On iOS we had the opportunity to learn from the weaknesses in the previous two implementations.

The same team built the frontend, storage, and Sync, so we put logic and state in the right places. We track Sync-related metadata directly in storage. We can tightly integrate with bulk-deletion operations like Clear Private Data, and change tracking doesn’t rely on timestamps: it’s an integral part of making the change itself.

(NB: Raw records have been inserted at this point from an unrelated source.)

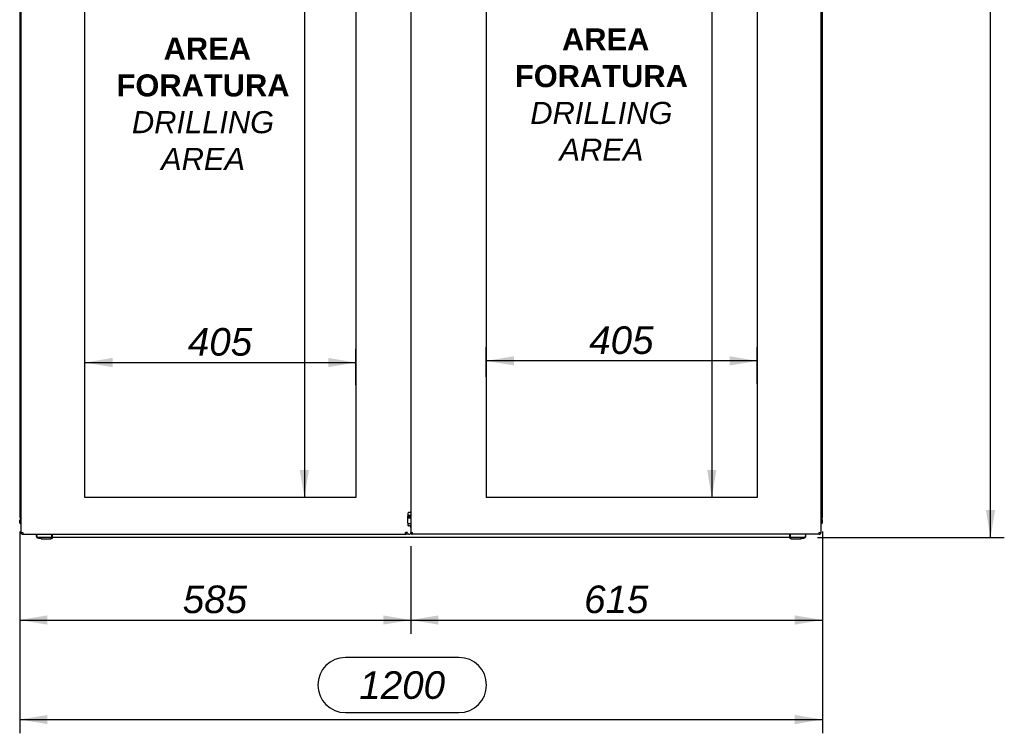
# Model space of a CAD drawing. Extents: x -12 to 412, y 11 to 308.
# Tile 7 of 11: x 218 to 316, y 68 to 139. Entities that reach past the tile are written whole.
import ezdxf
from ezdxf.lldxf.tags import DXFTag

# ---------------------------------------------------------------- set-up
doc = ezdxf.new("R2010")
doc.units = 0
doc.layers.get('0').update_dxf_attribs({"linetype": 'CONTINUOUS'})
for name, color, linetype in [('_TRANSLATION', 7, 'CONTINUOUS'), ('AE00121_01', 7, 'CONTINUOUS'), ('C0000000_06_GOMM', 7, 'CONTINUOUS'), ('C0000001_23', 7, 'CONTINUOUS'), ('DV1__TRANSLATION', 7, 'CONTINUOUS'), ('F0000000_42', 7, 'CONTINUOUS'), ('F0000000_43', 7, 'CONTINUOUS'), ('F0000000_45', 7, 'CONTINUOUS'), ('M0000000_06', 7, 'CONTINUOUS'), ('M0000000_14', 7, 'CONTINUOUS'), ('M0000000_38', 7, 'CONTINUOUS'), ('M0000000_39', 7, 'CONTINUOUS')]:
    doc.layers.add(name, color=color, linetype=linetype)
doc.styles.add('SEACAD_ARIAL', font='arial.ttf')
doc.styles.add('SEACAD_ARIALI', font='ariali.ttf')
tags = doc.linetypes.add('CENTER2', pattern=[28.575, 19.05, -3.175, 3.175, -3.175]).pattern_tags.tags
tags[10:11] = [DXFTag(74, 4), DXFTag(75, 0), DXFTag(340, '0'), DXFTag(46, 0.0), DXFTag(50, 0.0), DXFTag(44, 0.0), DXFTag(45, 0.0)]
tags[8:9] = [DXFTag(74, 4), DXFTag(75, 0), DXFTag(340, '0'), DXFTag(46, 0.0), DXFTag(50, 0.0), DXFTag(44, 0.0), DXFTag(45, 0.0)]
tags[6:7] = [DXFTag(74, 4), DXFTag(75, 0), DXFTag(340, '0'), DXFTag(46, 0.0), DXFTag(50, 0.0), DXFTag(44, 0.0), DXFTag(45, 0.0)]
tags[4:5] = [DXFTag(74, 4), DXFTag(75, 0), DXFTag(340, '0'), DXFTag(46, 0.0), DXFTag(50, 0.0), DXFTag(44, 0.0), DXFTag(45, 0.0)]
doc.dimstyles.new('ISO', dxfattribs={"dimtxt": 2.75, "dimasz": 2.75, "dimexe": 1.375, "dimexo": 1.375, "dimgap": 0.6875, "dimtad": 1, "dimdec": 1, "dimlfac": 15, "dimtxsty": 'SEACAD_ARIAL', "dimblk1": '_SE_FILLED', "dimblk2": '_SE_FILLED', "dimsah": 1, "dimcen": 1.375, "dimazin": 3, "dimtfac": 0.7, "dimtdec": 3, "dimtmove": 0, "dimatfit": 3})

# ---------------------------------------------------------------- blocks, each defined once
blk = doc.blocks.new('SE')
at = {"layer": 'AE00121_01', "color": 7, "linetype": 'CONTINUOUS'}
for p, q in [((257.258, 89.867), (257.192, 89.818)), ((257.192, 89.818), (257.258, 89.818)), ((257.192, 89.818), (257.192, 89.774))]:
    blk.add_line(p, q, dxfattribs=at)
at = {"layer": 'C0000000_06_GOMM', "color": 7, "linetype": 'CONTINUOUS'}
for p, q in [((256.936, 89.554), (257.258, 89.554)), ((256.943, 89.674), (257.258, 89.674))]:
    blk.add_line(p, q, dxfattribs=at)
at = {"layer": 'C0000001_23', "color": 7, "linetype": 'CONTINUOUS'}
for p, q in [((257.258, 89.674), (256.943, 89.674)), ((257.258, 89.774), (256.952, 89.774))]:
    blk.add_line(p, q, dxfattribs=at)
at = {"layer": 'DV1__TRANSLATION', "color": 7, "linetype": 'CENTER2'}
for p, q in [((224.792, 91.574), (224.792, 216.907)), ((251.791, 216.907), (251.791, 91.574)), ((264.791, 216.907), (264.791, 91.574)), ((291.792, 216.907), (291.792, 91.574)), ((251.791, 91.574), (224.792, 91.574)), ((291.792, 91.574), (264.791, 91.574))]:
    blk.add_line(p, q, dxfattribs=at)
at = {"layer": 'F0000000_42', "color": 7, "linetype": 'CONTINUOUS'}
blk.add_ellipse((297.972, 88.094), major_axis=(-0.187, 0), ratio=0.998462, start_param=2.658765, end_param=3.141593, dxfattribs=at)
at = {"layer": 'F0000000_43', "color": 7, "linetype": 'CONTINUOUS'}
for p, q in [((218.425, 88.094), (218.425, 220.387)), ((257.258, 90.074), (257.036, 90.074)), ((257.2, 88.74), (257.036, 88.74)), ((218.425, 88.094), (218.612, 88.094)), ((218.613, 87.907), (218.612, 87.907)), ((218.613, 87.907), (256.741, 87.907)), ((256.743, 87.907), (256.741, 87.907)), ((256.925, 88.094), (256.743, 88.094)), ((257.085, 87.907), (256.743, 87.907))]:
    blk.add_line(p, q, dxfattribs=at)
for centre, radius, start, end in [((218.612, 88.094), 0.187, 180, 270), ((228.886, 88.074), 10.274, 179.88874, 180.92976), ((245.143, 88.083), 11.6, 359.12972, 0.05178), ((256.741, 88.091), 0.184, 270.71, 0.75514)]:
    blk.add_arc(centre, radius, start, end, dxfattribs=at)
for centre, major_axis, ratio, start_param, end_param in [((257.104, 89.407), (0, -0.789), 0.21644, 3.892754, 5.532024), ((257.036, 89.74), (0, -0.333), 0.21644, 3.141593, 3.892754), ((257.036, 89.074), (0, -0.333), 0.21644, 5.532024, 6.283185), ((257.2, 88.407), (0, -0.333), 0.21644, 2.199834, 3.141593), ((257.085, 88.094), (0, -0.187), 0.998574, 0, 1.570796)]:
    blk.add_ellipse(centre, major_axis=major_axis, ratio=ratio, start_param=start_param, end_param=end_param, dxfattribs=at)
at = {"layer": 'F0000000_45', "color": 7, "linetype": 'CONTINUOUS'}
for p, q in [((257.258, 220.387), (257.258, 88.094)), ((298.159, 88.094), (298.159, 220.387)), ((257.258, 88.094), (257.445, 88.094)), ((297.971, 87.907), (257.445, 87.907)), ((257.445, 87.907), (257.445, 87.907)), ((297.971, 87.907), (297.972, 87.907)), ((297.972, 88.094), (298.159, 88.094))]:
    blk.add_line(p, q, dxfattribs=at)
for centre, radius, start, end in [((257.457, 88.102), 0.196, 182.45288, 266.57858), ((286.372, 88.083), 11.6, 359.12972, 0.05178), ((297.972, 88.094), 0.187, 270, 0), ((298.059, 88.075), 0.0974, 349.21148, 10.75292)]:
    blk.add_arc(centre, radius, start, end, dxfattribs=at)
blk.add_open_spline([(257.445, 87.907), (257.445, 87.907), (257.445, 87.907), (257.445, 87.907), (257.445, 87.907), (257.445, 87.908), (257.445, 87.909), (257.445, 87.911), (257.445, 87.915), (257.445, 87.921), (257.445, 87.929), (257.445, 87.938), (257.445, 87.949), (257.445, 87.961), (257.445, 87.975), (257.445, 87.99), (257.445, 88.005), (257.445, 88.022), (257.445, 88.039), (257.445, 88.054), (257.445, 88.066), (257.445, 88.075), (257.445, 88.083), (257.445, 88.089), (257.445, 88.092), (257.445, 88.094)], degree=3, knots=[0, 0, 0, 0, 0.015632, 0.031263, 0.046894, 0.062524, 0.093781, 0.125038, 0.18753, 0.250022, 0.312516, 0.375012, 0.437507, 0.500001, 0.562495, 0.624991, 0.687486, 0.74998, 0.812472, 0.874965, 0.906221, 0.937478, 0.968737, 0.984368, 1, 1, 1, 1], dxfattribs=at)
at = {"layer": 'M0000000_06', "color": 7, "linetype": 'CONTINUOUS'}
for p, q in [((219.942, 87.907), (219.942, 87.74)), ((219.992, 87.74), (219.992, 87.907)), ((221.492, 87.574), (220.159, 87.574)), ((220.159, 87.524), (220.425, 87.524)), ((220.425, 87.457), (220.425, 87.574)), ((220.559, 87.44), (220.442, 87.44)), ((221.292, 87.44), (220.559, 87.44)), ((221.409, 87.44), (221.292, 87.44)), ((221.425, 87.457), (221.425, 87.574)), ((221.425, 87.524), (221.492, 87.524)), ((221.492, 87.74), (221.492, 87.907)), ((221.492, 87.524), (221.492, 87.74)), ((221.492, 87.524), (221.559, 87.524)), ((221.559, 87.74), (221.559, 87.907)), ((221.559, 87.524), (221.559, 87.74)), ((295.025, 87.907), (295.025, 87.74)), ((295.025, 87.74), (295.025, 87.524)), ((295.092, 87.524), (295.025, 87.524)), ((295.092, 87.907), (295.092, 87.74)), ((295.092, 87.74), (295.092, 87.524)), ((296.425, 87.574), (295.092, 87.574)), ((295.092, 87.524), (295.159, 87.524)), ((295.159, 87.457), (295.159, 87.574)), ((295.292, 87.44), (295.175, 87.44)), ((296.025, 87.44), (295.292, 87.44)), ((296.142, 87.44), (296.025, 87.44)), ((296.159, 87.457), (296.159, 87.574)), ((296.159, 87.524), (296.425, 87.524)), ((296.592, 87.907), (296.592, 87.74)), ((296.642, 87.74), (296.642, 87.907))]:
    blk.add_line(p, q, dxfattribs=at)
for centre, radius, start, end in [((220.159, 87.74), 0.217, 180, 270), ((220.159, 87.74), 0.167, 180, 270), ((220.442, 87.457), 0.0167, 180, 270), ((221.409, 87.457), 0.0167, 270, 0), ((295.175, 87.457), 0.0167, 180, 270), ((296.142, 87.457), 0.0167, 270, 0), ((296.425, 87.74), 0.167, 270, 0), ((296.425, 87.74), 0.217, 270, 0)]:
    blk.add_arc(centre, radius, start, end, dxfattribs=at)
at = {"layer": 'M0000000_14', "color": 7, "linetype": 'CONTINUOUS'}
for p, q in [((218.292, 218.907), (218.292, 89.574)), ((298.292, 89.574), (298.292, 218.907)), ((218.425, 89.574), (218.292, 89.574)), ((298.159, 89.574), (298.292, 89.574))]:
    blk.add_line(p, q, dxfattribs=at)
at = {"layer": 'M0000000_38', "color": 7, "linetype": 'CONTINUOUS'}
for p, q in [((256.961, 88.974), (257.258, 88.974)), ((295.025, 87.574), (221.559, 87.574))]:
    blk.add_line(p, q, dxfattribs=at)
at = {"layer": 'M0000000_39', "color": 7, "linetype": 'CONTINUOUS'}
for p, q in [((218.292, 89.057), (218.292, 89.327)), ((218.372, 89.327), (218.372, 89.057)), ((218.379, 89.057), (218.379, 89.32)), ((298.205, 89.057), (298.205, 89.32)), ((298.212, 89.327), (298.212, 89.057)), ((298.292, 89.057), (298.292, 89.327))]:
    blk.add_line(p, q, dxfattribs=at)
for centre, radius, start, end in [((218.539, 89.327), 0.247, 117.35223, 180), ((218.539, 89.327), 0.167, 132.84364, 180), ((218.545, 89.32), 0.167, 136.05448, 180), ((298.045, 89.327), 0.247, 0, 62.64777), ((298.045, 89.327), 0.167, 0, 47.15636), ((298.039, 89.32), 0.167, 0, 43.94552), ((218.375, 89.057), 0.0833, 180, 306.8699), ((218.375, 89.057), 0.00333, 180, 0), ((298.209, 89.057), 0.0833, 233.1301, 0), ((298.209, 89.057), 0.00333, 180, 0)]:
    blk.add_arc(centre, radius, start, end, dxfattribs=at)
blk = doc.blocks.new('DMBLK179')
at = {"layer": '_TRANSLATION', "linetype": 'CONTINUOUS'}
for points in [[(286.808, 214.157), (287.724, 214.157), (287.266, 216.907)], [(286.808, 94.324), (287.266, 91.574), (287.724, 94.324)]]:
    blk.add_hatch(color=7, dxfattribs=at).paths.add_polyline_path(points)
at = {"layer": '_TRANSLATION', "color": 7, "linetype": 'CONTINUOUS'}
for p, q in [((290.417, 216.907), (285.891, 216.907)), ((287.266, 216.907), (287.266, 91.574)), ((290.417, 91.574), (285.891, 91.574))]:
    blk.add_line(p, q, dxfattribs=at)
at = {"layer": '_TRANSLATION', "color": 7, "linetype": 'CONTINUOUS', "style": 'SEACAD_ARIALI'}
blk.add_text('1880', height=2.75, rotation=90, dxfattribs=at).set_placement((286.579, 149.962))
blk = doc.blocks.new('_SE_FILLED')
at = {"color": 0}
blk.add_line((0, 0), (-1, 0), dxfattribs=at)
blk.add_solid([(0, 0), (-1, -0.1665), (-1, 0.1665), (0, 0)], dxfattribs=at)
blk = doc.blocks.new('DMBLK180')
at = {"layer": '_TRANSLATION', "linetype": 'CONTINUOUS'}
for points in [[(267.541, 105.664), (264.791, 105.206), (267.541, 104.747)], [(289.042, 105.664), (289.042, 104.747), (291.792, 105.206)]]:
    blk.add_hatch(color=7, dxfattribs=at).paths.add_polyline_path(points)
at = {"layer": '_TRANSLATION', "color": 7, "linetype": 'CONTINUOUS'}
for p, q in [((264.791, 103.596), (264.791, 106.581)), ((291.792, 102.919), (291.792, 106.581)), ((291.792, 105.206), (264.791, 105.206))]:
    blk.add_line(p, q, dxfattribs=at)
at = {"layer": '_TRANSLATION', "color": 7, "linetype": 'CONTINUOUS', "style": 'SEACAD_ARIALI'}
blk.add_text('405', height=2.75, dxfattribs=at).set_placement((275.053, 105.893))
blk = doc.blocks.new('DMBLK181')
at = {"layer": '_TRANSLATION', "linetype": 'CONTINUOUS'}
for points in [[(221.042, 68.979), (221.042, 69.896), (218.292, 69.438)], [(295.542, 68.979), (298.292, 69.438), (295.542, 69.896)]]:
    blk.add_hatch(color=7, dxfattribs=at).paths.add_polyline_path(points)
at = {"layer": '_TRANSLATION', "color": 7, "linetype": 'CONTINUOUS'}
for p, q in [((218.292, 88.199), (218.292, 68.063)), ((298.292, 88.199), (298.292, 68.063)), ((262.068, 75.625), (250.763, 75.625)), ((250.763, 70.125), (262.068, 70.125)), ((218.292, 69.438), (298.292, 69.438))]:
    blk.add_line(p, q, dxfattribs=at)
for centre, start, end in [((250.763, 72.875), 90, 270), ((262.068, 72.875), 270, 90)]:
    blk.add_arc(centre, 2.75, start, end, dxfattribs=at)
at = {"layer": '_TRANSLATION', "color": 7, "linetype": 'CONTINUOUS', "style": 'SEACAD_ARIALI'}
blk.add_text('1200', height=2.75, dxfattribs=at).set_placement((252.138, 71.5))
blk = doc.blocks.new('DMBLK194')
at = {"layer": '_TRANSLATION', "linetype": 'CONTINUOUS'}
for points in [[(227.542, 105.495), (224.792, 105.036), (227.542, 104.578)], [(249.041, 105.495), (249.041, 104.578), (251.791, 105.036)]]:
    blk.add_hatch(color=7, dxfattribs=at).paths.add_polyline_path(points)
at = {"layer": '_TRANSLATION', "color": 7, "linetype": 'CONTINUOUS'}
for p, q in [((224.792, 102.691), (224.792, 106.411)), ((251.791, 102.776), (251.791, 106.411)), ((224.792, 105.036), (251.791, 105.036))]:
    blk.add_line(p, q, dxfattribs=at)
at = {"layer": '_TRANSLATION', "color": 7, "linetype": 'CONTINUOUS', "style": 'SEACAD_ARIALI'}
blk.add_text('405', height=2.75, dxfattribs=at).set_placement((235.053, 105.724))
blk = doc.blocks.new('DMBLK195')
at = {"layer": '_TRANSLATION', "linetype": 'CONTINUOUS'}
for points in [[(247.119, 214.157), (246.661, 216.907), (246.202, 214.157)], [(247.119, 94.324), (246.202, 94.324), (246.661, 91.574)]]:
    blk.add_hatch(color=7, dxfattribs=at).paths.add_polyline_path(points)
at = {"layer": '_TRANSLATION', "color": 7, "linetype": 'CONTINUOUS'}
blk.add_line((246.661, 216.907), (246.661, 91.574), dxfattribs=at)
at = {"layer": '_TRANSLATION', "color": 7, "linetype": 'CONTINUOUS', "style": 'SEACAD_ARIALI'}
blk.add_text('1880', height=2.75, rotation=90, dxfattribs=at).set_placement((245.973, 149.962))
blk = doc.blocks.new('DMBLK196')
at = {"layer": '_TRANSLATION', "linetype": 'CONTINUOUS'}
for points in [[(221.042, 78.904), (221.042, 79.821), (218.292, 79.362)], [(254.522, 78.904), (257.272, 79.362), (254.522, 79.821)]]:
    blk.add_hatch(color=7, dxfattribs=at).paths.add_polyline_path(points)
at = {"layer": '_TRANSLATION', "color": 7, "linetype": 'CONTINUOUS'}
for p, q in [((218.292, 87.817), (218.292, 77.987)), ((257.272, 86.719), (257.272, 77.987)), ((218.292, 79.362), (257.272, 79.362))]:
    blk.add_line(p, q, dxfattribs=at)
at = {"layer": '_TRANSLATION', "color": 7, "linetype": 'CONTINUOUS', "style": 'SEACAD_ARIALI'}
blk.add_text('585', height=2.75, dxfattribs=at).set_placement((234.543, 80.05))
blk = doc.blocks.new('DMBLK197')
at = {"layer": '_TRANSLATION', "linetype": 'CONTINUOUS'}
for points in [[(260.022, 78.904), (260.022, 79.821), (257.272, 79.362)], [(295.542, 78.904), (298.292, 79.362), (295.542, 79.821)]]:
    blk.add_hatch(color=7, dxfattribs=at).paths.add_polyline_path(points)
at = {"layer": '_TRANSLATION', "color": 7, "linetype": 'CONTINUOUS'}
for p, q in [((298.292, 87.817), (298.292, 77.987)), ((257.272, 86.719), (257.272, 77.987)), ((257.272, 79.362), (298.292, 79.362))]:
    blk.add_line(p, q, dxfattribs=at)
at = {"layer": '_TRANSLATION', "color": 7, "linetype": 'CONTINUOUS', "style": 'SEACAD_ARIALI'}
blk.add_text('615', height=2.75, dxfattribs=at).set_placement((274.543, 80.05))
blk = doc.blocks.new('DMBLK204')
at = {"layer": '_TRANSLATION', "linetype": 'CONTINUOUS'}
for points in [[(315.502, 218.39), (315.044, 221.14), (314.586, 218.39)], [(315.502, 90.324), (314.586, 90.324), (315.044, 87.574)]]:
    blk.add_hatch(color=7, dxfattribs=at).paths.add_polyline_path(points)
at = {"layer": '_TRANSLATION', "color": 7, "linetype": 'CONTINUOUS'}
for p, q in [((297.947, 221.14), (316.419, 221.14)), ((315.044, 87.574), (315.044, 221.14)), ((308.856, 160.01), (308.856, 148.704)), ((314.356, 148.704), (314.356, 160.01)), ((297.8, 87.574), (316.419, 87.574))]:
    blk.add_line(p, q, dxfattribs=at)
for centre, start, end in [((311.606, 160.01), 0, 180), ((311.606, 148.704), 180, 0)]:
    blk.add_arc(centre, 2.75, start, end, dxfattribs=at)
at = {"layer": '_TRANSLATION', "color": 7, "linetype": 'CONTINUOUS', "style": 'SEACAD_ARIALI'}
blk.add_text('2000', height=2.75, rotation=90, dxfattribs=at).set_placement((312.981, 150.079))

msp = doc.modelspace()

# ---------------------------------------------------------------- block references
at = {"layer": '_TRANSLATION'}
msp.add_blockref('SE', (0, 0), dxfattribs=at)

# ---------------------------------------------------------------- texts
at = {"layer": '_TRANSLATION', "char_height": 2.2, "width": 19.467567, "attachment_point": 5}
for insert in [(276.2667, 131.7644), (236.5654, 130.8391)]:
    msp.add_mtext('{\\fArial|b0||i0||c0|p34;\\C7;\\H2.2;\\W1.; }{\\fArial|b1||i0||c0|p34;\\C7;\\H2.2;\\W1.;AREA\\P}{\\fArial|b1||i0||c0|p34;\\C7;\\H2.2;\\W1.;FORATURA \\P}{\\fArial|b0||i1||c0|p34;\\C7;\\H2.2;\\W1.;DRILLING\\P}{\\fArial|b0||i1||c0|p34;\\C7;\\H2.2;\\W1.;AREA}', dxfattribs=dict(at, insert=insert))

# ---------------------------------------------------------------- dimensions: what is measured, and where the dimension line sits
at = {"layer": '_TRANSLATION', "color": 7, "linetype": 'CONTINUOUS'}
for base, p1, p2, angle, override, picture, middle in [((315.0439, 87.5736), (296.4255, 87.5736), (296.5721, 221.1403), 89.937085, {"dimdec": 0, "dimrnd": 10, "dimtdec": 4}, 'DMBLK204', (315.0439, 154.3569)), ((218.2921, 69.4375), (218.2921, 89.5736), (298.2921, 89.5736), 0, {"dimdec": 0}, 'DMBLK181', (256.4156, 69.4375))]:
    dim = msp.add_linear_dim(base=base, p1=p1, p2=p2, angle=angle, text='\\A1;<>', dimstyle='ISO', override=override, dxfattribs=at)
    dim.commit()
    dim.dimension.update_dxf_attribs({"geometry": picture, "text_midpoint": middle, "dimtype": 161})
for base, p1, p2, angle, picture, middle in [((246.6606, 216.9069), (224.7921, 216.9069), (224.7921, 91.5736), 270, 'DMBLK195', (246.6606, 154.2403)), ((287.2661, 216.9069), (291.7921, 216.9069), (291.7921, 91.5736), 270, 'DMBLK179', (287.2661, 154.2403)), ((224.7921, 105.0362), (224.7921, 91.5736), (251.7914, 91.5736), 0, 'DMBLK194', (238.2917, 105.0362))]:
    dim = msp.add_linear_dim(base=base, p1=p1, p2=p2, angle=angle, text='\\A1;<>', dimstyle='ISO', dxfattribs=at)
    dim.commit()
    dim.dimension.update_dxf_attribs({"geometry": picture, "text_midpoint": middle, "dimtype": 161})
dim = msp.add_linear_dim(base=(264.7914, 105.2056), p1=(291.7921, 91.5736), p2=(264.7914, 91.5736), text='\\A1;<>', dimstyle='ISO', dxfattribs=at)
dim.commit()
dim.dimension.update_dxf_attribs({"geometry": 'DMBLK180', "text_midpoint": (278.2917, 105.2056), "dimtype": 160})
for base, p1, p2, picture, middle in [((257.2719, 79.3622), (218.2921, 89.1919), (257.2719, 88.0936), 'DMBLK196', (237.782, 79.3622)), ((298.2921, 79.3622), (257.2719, 88.0936), (298.2921, 89.1919), 'DMBLK197', (277.782, 79.3622))]:
    dim = msp.add_linear_dim(base=base, p1=p1, p2=p2, text='\\A1;<>', dimstyle='ISO', override={"dimdec": 0}, dxfattribs=at)
    dim.commit()
    dim.dimension.update_dxf_attribs({"geometry": picture, "text_midpoint": middle, "dimtype": 160})

doc.saveas('drawing.dxf')

We also record enough data to do proper three-way merges, which avoids a swath of quiet data loss bugs that have plagued Sync over the years (e.g., recent password changes being undone).

We incrementally apply chunks of records, downloaded in batches, so we rarely need to re-download anything in the case of mid-sync failures.

And we buffer downloaded records where appropriate, so the scary part of syncing — actually changing the database — can be done locally with offline data, even within a single transaction.

Storage on iOS is significantly more involved as a result: we have sync_status columns on each table, and typically have two tables per datatype to track the original shared parent of a row. Bookmark sync is shaping up to involve six tables. But the behavior of the system is dramatically more predictable; this is a case of modeling essential complexity, not over-complicating. So far the bug rate is low, and our visibility into the interactions between parts of the code is good — for example, it’s just not possible for Steph to implement bulk deletions of logins without having to go through the BrowserLogins protocol, which does all the right flipping of change flags.

In the future we’re hoping to see some of the work around batching, use of in-storage tracking flags, and three-way merge make it back to Android and eventually to desktop. Mobile first!